Stored records:
▬▬▬▬▬▬

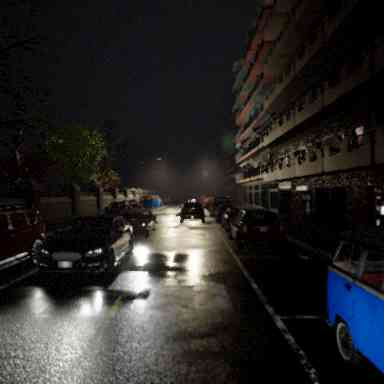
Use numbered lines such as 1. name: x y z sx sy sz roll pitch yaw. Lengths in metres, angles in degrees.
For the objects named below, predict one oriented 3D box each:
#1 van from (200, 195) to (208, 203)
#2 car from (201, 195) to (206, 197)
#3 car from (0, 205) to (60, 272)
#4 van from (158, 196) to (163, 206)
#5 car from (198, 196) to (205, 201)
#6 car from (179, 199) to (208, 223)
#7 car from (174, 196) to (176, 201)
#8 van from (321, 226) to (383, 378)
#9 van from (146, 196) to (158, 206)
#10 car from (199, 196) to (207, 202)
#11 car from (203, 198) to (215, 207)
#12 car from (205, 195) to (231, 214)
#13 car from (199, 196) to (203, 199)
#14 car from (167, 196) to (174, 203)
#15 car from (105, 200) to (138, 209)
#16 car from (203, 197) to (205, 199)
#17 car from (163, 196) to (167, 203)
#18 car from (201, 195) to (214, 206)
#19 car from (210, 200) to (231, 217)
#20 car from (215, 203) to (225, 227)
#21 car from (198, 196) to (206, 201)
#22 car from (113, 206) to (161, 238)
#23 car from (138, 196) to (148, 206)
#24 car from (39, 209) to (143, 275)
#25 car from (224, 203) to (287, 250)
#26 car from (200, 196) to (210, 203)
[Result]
1. van: 2.704 1.499 76.397 1.690 1.788 3.998 0 0 0
2. car: 2.700 1.518 48.245 1.967 1.590 4.097 0 0 0
3. car: -5.686 1.325 8.837 2.192 1.841 5.009 0 0 0
4. van: -5.680 1.420 48.247 1.690 1.788 3.998 0 0 0
5. car: 2.706 1.754 93.288 1.887 1.381 4.507 0 0 0
6. car: 0.054 1.541 26.221 1.837 1.490 4.892 0 0 0
7. car: -5.674 1.776 93.290 1.947 1.339 4.313 0 0 0
8. van: 2.694 1.344 3.205 1.690 1.788 3.998 0 0 0
9. van: -5.681 1.407 42.618 1.690 1.788 3.998 0 0 0
10. car: 2.704 1.741 82.027 1.947 1.339 4.313 0 0 0
11. car: 2.700 1.674 53.876 1.802 1.307 4.206 0 0 0
12. car: 2.698 1.358 31.356 2.192 1.841 5.009 0 0 0
13. car: 0.099 1.636 45.931 1.994 1.385 4.181 0 0 0
14. car: -5.676 1.683 76.228 1.752 1.417 4.829 0 0 0
15. car: -5.684 1.475 25.728 1.967 1.590 4.097 0 0 0
16. car: 2.699 1.610 42.616 1.887 1.381 4.507 0 0 0
17. car: -5.680 1.644 53.877 2.008 1.369 4.403 0 0 0
18. car: 2.701 1.423 59.506 2.192 1.841 5.009 0 0 0
19. car: 2.697 1.579 25.725 1.887 1.381 4.507 0 0 0
20. car: 2.695 1.576 20.095 2.008 1.369 4.403 0 0 0
21. car: 2.705 1.743 87.658 2.008 1.369 4.403 0 0 0
22. car: -2.997 1.623 17.846 1.895 1.301 4.718 0 0 0
23. car: -5.682 1.484 31.357 1.967 1.590 4.097 0 0 0
24. car: -3.077 1.505 10.542 2.128 1.511 4.902 0 0 0
25. car: 2.695 1.457 14.465 1.967 1.590 4.097 0 0 0
26. car: 2.703 1.581 70.766 1.967 1.590 4.097 0 0 0
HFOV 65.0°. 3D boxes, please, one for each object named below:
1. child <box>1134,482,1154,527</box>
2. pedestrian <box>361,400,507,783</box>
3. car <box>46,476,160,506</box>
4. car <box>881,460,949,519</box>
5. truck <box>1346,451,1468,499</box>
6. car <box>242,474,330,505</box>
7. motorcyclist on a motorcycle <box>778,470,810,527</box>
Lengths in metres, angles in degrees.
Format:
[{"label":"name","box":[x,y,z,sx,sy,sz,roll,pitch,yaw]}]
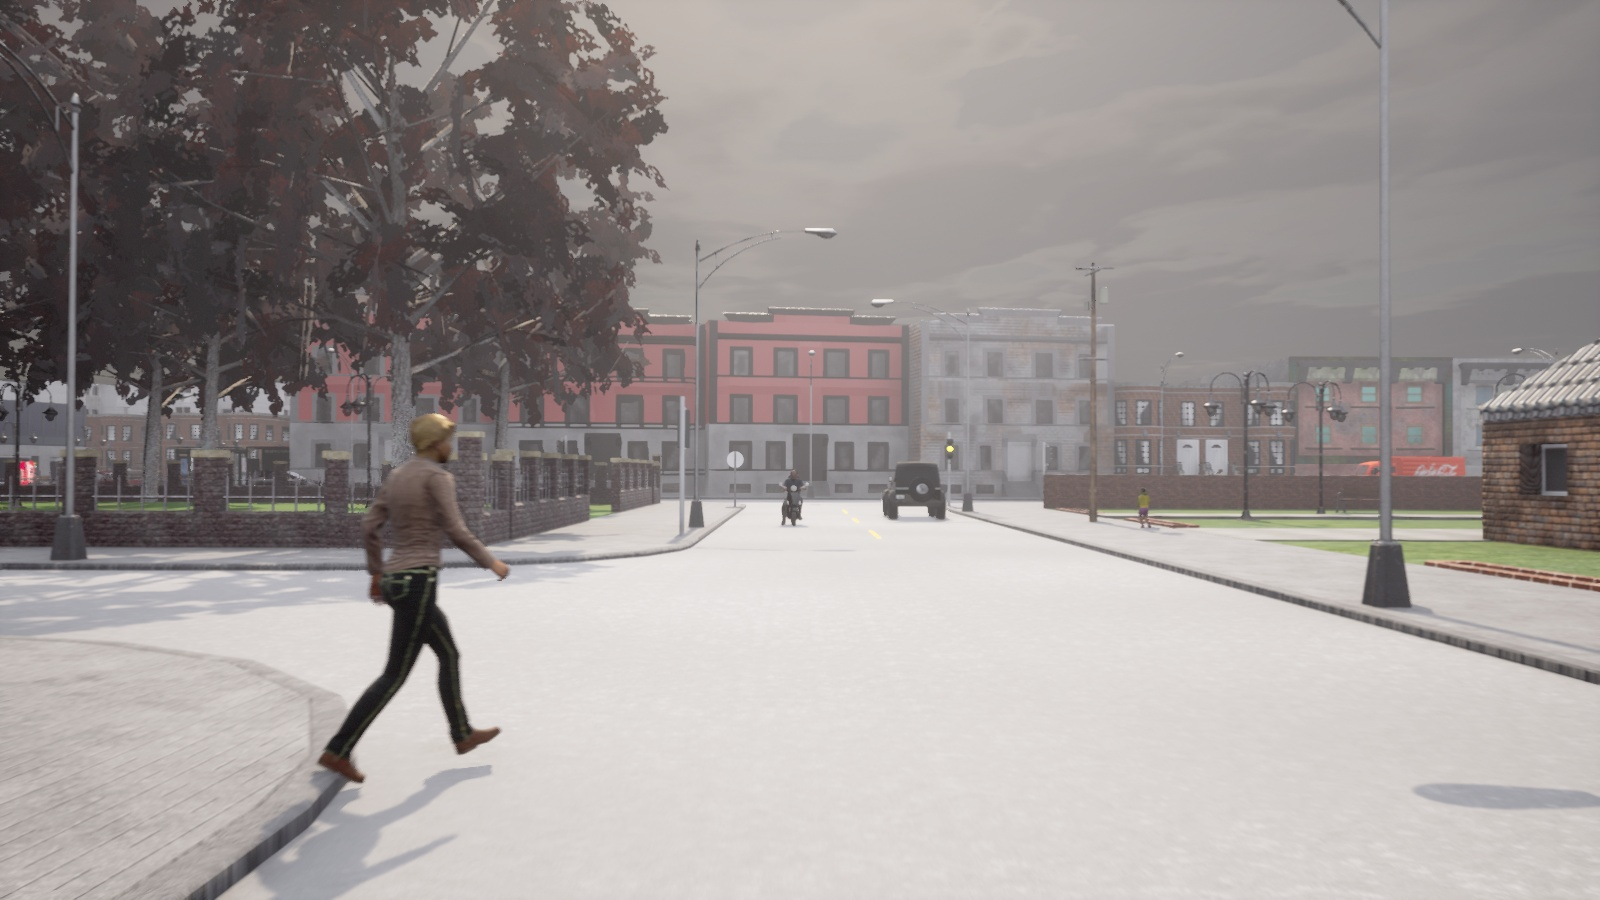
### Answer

▬▬▬▬▬▬

Problem statement –
Make an exact copy of the records above, one that has none of the pictures.

Output of the exercise –
Use numbered lines such as 1. name: x y z sx sy sz roll pitch yaw. Lengths in metres, angles in degrees.
For the objects named below, predict one oriented 3D box each:
#1 van from (200, 195) to (208, 203)
#2 car from (201, 195) to (206, 197)
#3 car from (0, 205) to (60, 272)
#4 van from (158, 196) to (163, 206)
#5 car from (198, 196) to (205, 201)
#6 car from (179, 199) to (208, 223)
#7 car from (174, 196) to (176, 201)
#8 van from (321, 226) to (383, 378)
#9 van from (146, 196) to (158, 206)
#10 car from (199, 196) to (207, 202)
#11 car from (203, 198) to (215, 207)
#12 car from (205, 195) to (231, 214)
#13 car from (199, 196) to (203, 199)
#14 car from (167, 196) to (174, 203)
#15 car from (105, 200) to (138, 209)
#16 car from (203, 197) to (205, 199)
#17 car from (163, 196) to (167, 203)
#18 car from (201, 195) to (214, 206)
#19 car from (210, 200) to (231, 217)
#20 car from (215, 203) to (225, 227)
#21 car from (198, 196) to (206, 201)
#22 car from (113, 206) to (161, 238)
#23 car from (138, 196) to (148, 206)
#24 car from (39, 209) to (143, 275)
#25 car from (224, 203) to (287, 250)
#26 car from (200, 196) to (210, 203)
[Result]
1. van: 2.704 1.499 76.397 1.690 1.788 3.998 0 0 0
2. car: 2.700 1.518 48.245 1.967 1.590 4.097 0 0 0
3. car: -5.686 1.325 8.837 2.192 1.841 5.009 0 0 0
4. van: -5.680 1.420 48.247 1.690 1.788 3.998 0 0 0
5. car: 2.706 1.754 93.288 1.887 1.381 4.507 0 0 0
6. car: 0.054 1.541 26.221 1.837 1.490 4.892 0 0 0
7. car: -5.674 1.776 93.290 1.947 1.339 4.313 0 0 0
8. van: 2.694 1.344 3.205 1.690 1.788 3.998 0 0 0
9. van: -5.681 1.407 42.618 1.690 1.788 3.998 0 0 0
10. car: 2.704 1.741 82.027 1.947 1.339 4.313 0 0 0
11. car: 2.700 1.674 53.876 1.802 1.307 4.206 0 0 0
12. car: 2.698 1.358 31.356 2.192 1.841 5.009 0 0 0
13. car: 0.099 1.636 45.931 1.994 1.385 4.181 0 0 0
14. car: -5.676 1.683 76.228 1.752 1.417 4.829 0 0 0
15. car: -5.684 1.475 25.728 1.967 1.590 4.097 0 0 0
16. car: 2.699 1.610 42.616 1.887 1.381 4.507 0 0 0
17. car: -5.680 1.644 53.877 2.008 1.369 4.403 0 0 0
18. car: 2.701 1.423 59.506 2.192 1.841 5.009 0 0 0
19. car: 2.697 1.579 25.725 1.887 1.381 4.507 0 0 0
20. car: 2.695 1.576 20.095 2.008 1.369 4.403 0 0 0
21. car: 2.705 1.743 87.658 2.008 1.369 4.403 0 0 0
22. car: -2.997 1.623 17.846 1.895 1.301 4.718 0 0 0
23. car: -5.682 1.484 31.357 1.967 1.590 4.097 0 0 0
24. car: -3.077 1.505 10.542 2.128 1.511 4.902 0 0 0
25. car: 2.695 1.457 14.465 1.967 1.590 4.097 0 0 0
26. car: 2.703 1.581 70.766 1.967 1.590 4.097 0 0 0
HFOV 65.0°. 3D boxes, please, one for each object named below:
1. child <box>1134,482,1154,527</box>
2. pedestrian <box>361,400,507,783</box>
3. car <box>46,476,160,506</box>
4. car <box>881,460,949,519</box>
5. truck <box>1346,451,1468,499</box>
6. car <box>242,474,330,505</box>
7. motorcyclist on a motorcycle <box>778,470,810,527</box>
Lengths in metres, angles in degrees.
Format:
[{"label":"name","box":[x,y,z,sx,sy,sz,roll,pitch,yaw]}]
### Answer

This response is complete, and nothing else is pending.